▶ **Task objective**
Everything in the data gets repeated exactly, except for the pictures.

▶ **Given data**
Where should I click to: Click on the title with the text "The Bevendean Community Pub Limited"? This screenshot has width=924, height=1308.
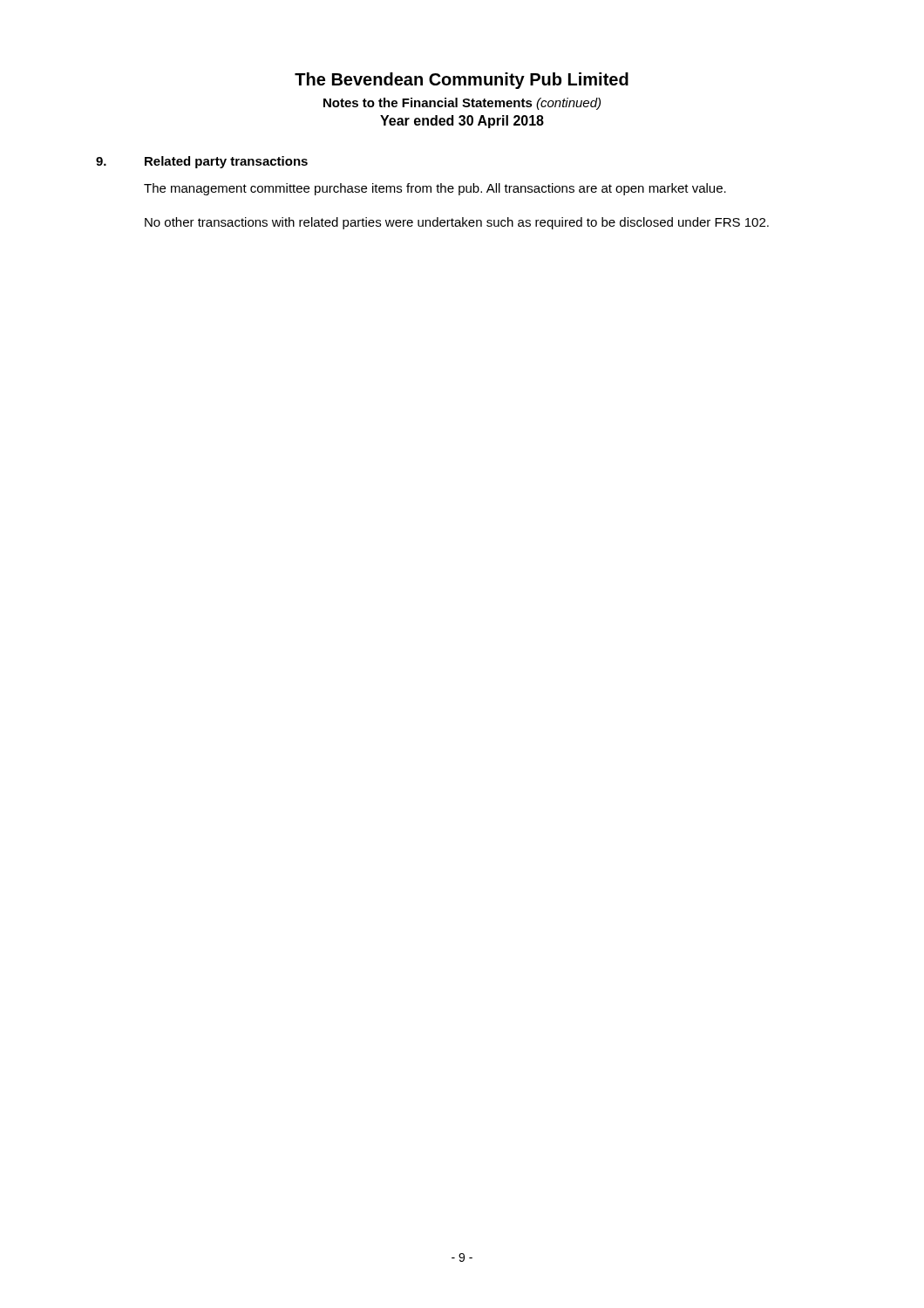(x=462, y=79)
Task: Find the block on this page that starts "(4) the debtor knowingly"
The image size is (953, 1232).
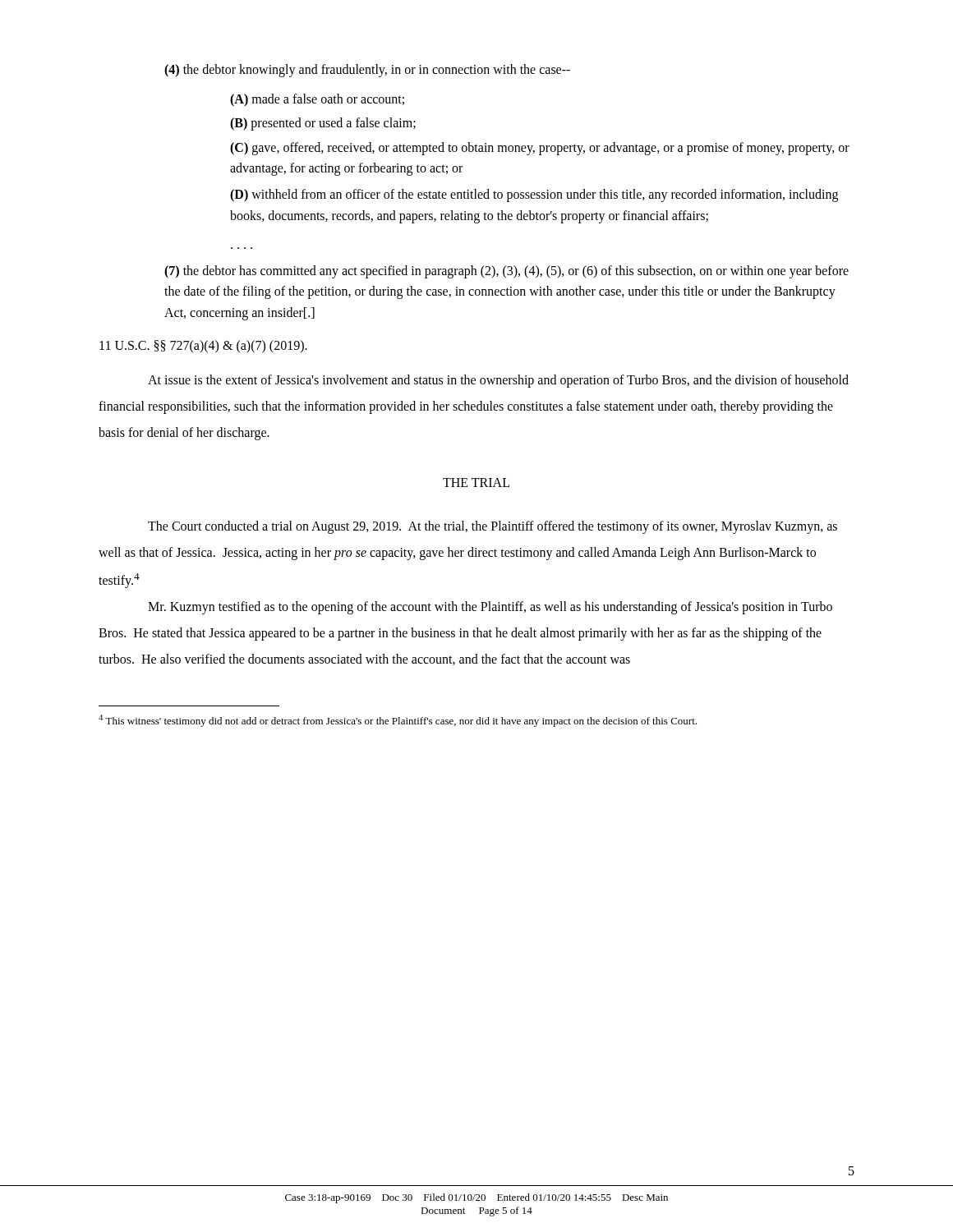Action: pos(509,70)

▶ **Answer area**
Where should I click to: Click on the title with the text "The Bevendean Community Pub Limited"? This screenshot has width=924, height=1308.
(x=462, y=79)
Task: Find the block on this page that starts "(4) the debtor knowingly"
The image size is (953, 1232).
Action: pos(509,70)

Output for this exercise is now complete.